Hanh also writes, “If you cannot find joy in peace in these very moments of sitting, then the future itself will only flow by as a river flows by you, you will not be able to hold it back, you will be incapable of living the future when it has become the present.” This was the state I found myself in during my undergraduate degree. I would look ahead and be excited about a new movie, a basketball game, or the weekend, but because I had not trained my mind to live in the present, that moment would fly by me and I would be worried about the drought of exciting events that would follow the event, and I would fail to enjoy the actual thing and the actual moment that I had looked forward to. Rather than bring me joy and meaning, the present moment was merely a shadow while the future loomed as a tidal wave of fear and depression. Turning inward and becoming more self-aware allowed me to begin seeing the present moment, and seeing the present moment restored the joy and value of small things, such as reading, writing, a short walk, a good exercise, or even just a conversation with a friend. These experiences are the only real things in life (at least as they happen) and the magic is in fully experiencing and living these moments.

The Present Moment Is the Most Important Thing In Your Life

Throughout my life I have been very lucky to not suffer from severe anxiety or depression, but I have gone through bouts of despair and periods where I have felt unhappy and a bit anxious. One of things that has helped me during these times is focusing in on the present moment and trying to be fully aware of where I am at right now and what I am doing right now. Zeroing in on the present helps pull my mind out of the story it tells itself about who I am, what I am worth, how successful my past has been, and what I must do in the future to be a great person.
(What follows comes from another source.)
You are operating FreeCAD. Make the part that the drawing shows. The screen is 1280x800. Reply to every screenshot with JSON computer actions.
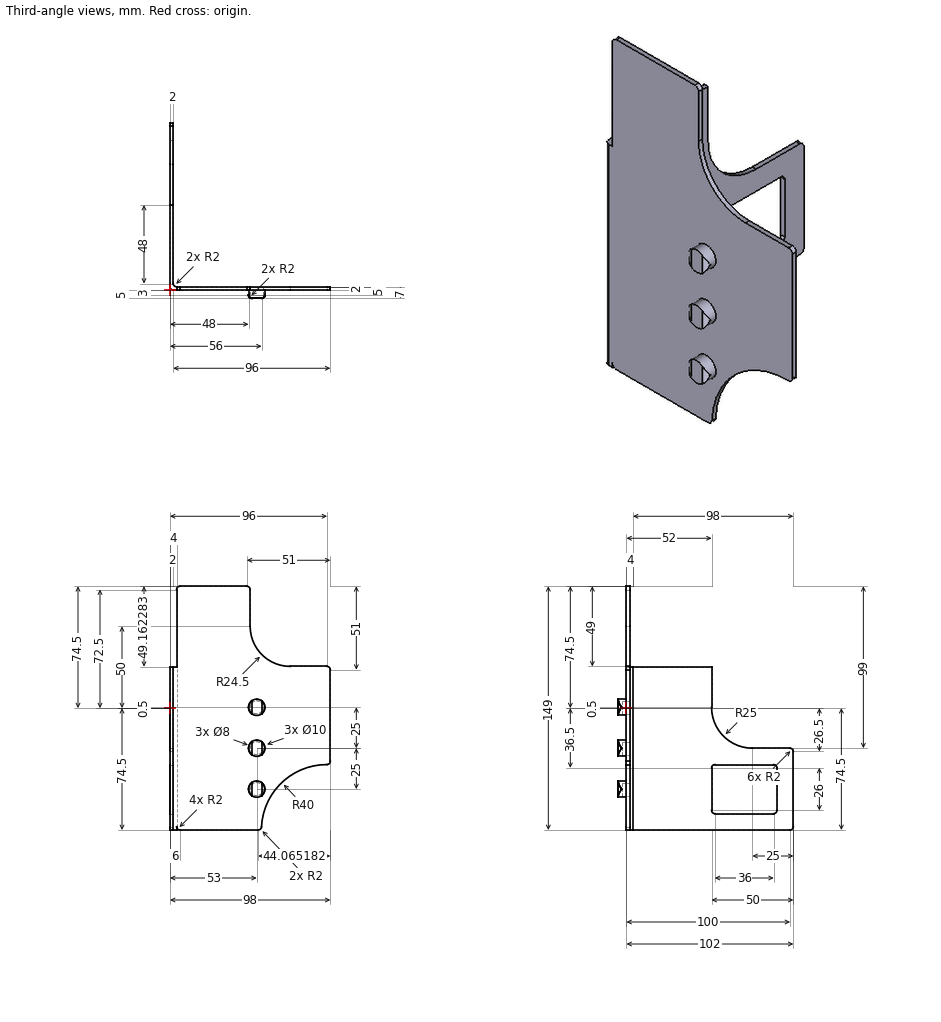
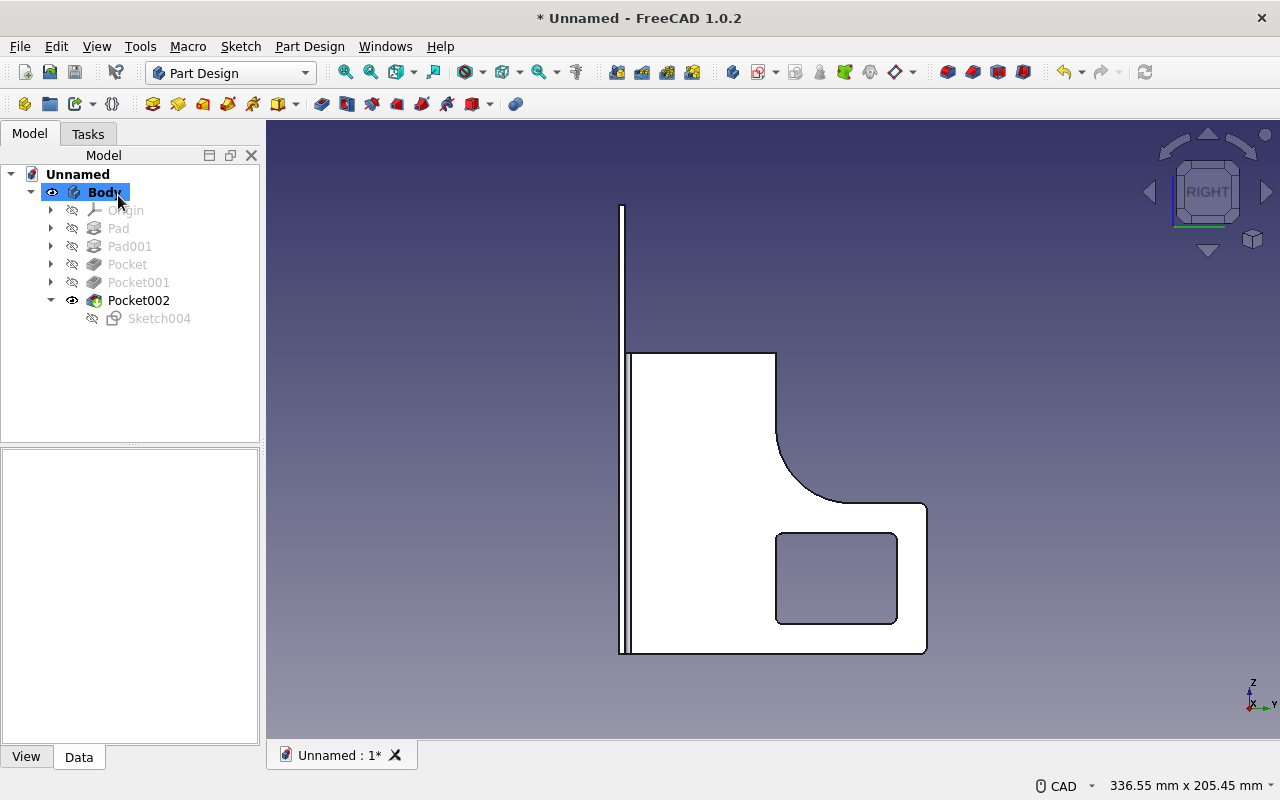
{"action": "key", "text": "4"}

In the present moment, the only thing that matters is what we are currently engaged in and what we are doing right now. Besides the immediate present moment, nothing else truly impacts our life.

 

In his book The Miracle of Mindfulness, author Thich Nhat Hanh describes the importance of mindfulness and the value the present moment brings to us when we actually focus on it. Working on our focus and paying attention to the present moment, whatever we are doing, is a form of meditation. I have always thought of meditation as sitting still and quiet,  focusing on my breath or expanding my awareness of all things around me, but Hanh describes a way for us to meditate in any action by focusing on the present moment and being fully immersed with a singular focus on the task, job, or thing in front of us. He writes,

 

“When you are washing the dishes, washing the dishes must be the most important thing in your life. Just as when you’re drinking tea, drinking tea must be the most important thing in your life. … Each act must be carried out in mindfulness. Each act is a rite, a ceremony.”

 

When we focus on the present moment and what is in front of us right now, everything else begins to recede because our mind only has space for one thing. This practice can help reduce our fears, worries, and the stories and pressures we put on our selves. I do not suggest that everyone who suffers from depression or anxiety can fix their problems  by meditation and mindfulness, but in my life, becoming absorbed in the present moment, recognizing that what I am doing right now is all that I truly have and all that truly matters has helped me overcome these challenges. I try my best to recognize that what has happened in the past is gone, and cannot be changed by what I am doing now, so I should focus on my current activity and be entirely present and immersed with what I am doing. Likewise, I cannot control what will happen in the future, but I can know that by doing my best with what I have now, I can prepare myself for what is to come. The present moment takes away the stories we tell about what our actions mean, because we can always fully experience the present and engage with the present, no matter what has happened to us or what will happen to us in the future. This may not solve all problems with anxiety or depression, but techniques of mindfulness have helped me recover from my own low points.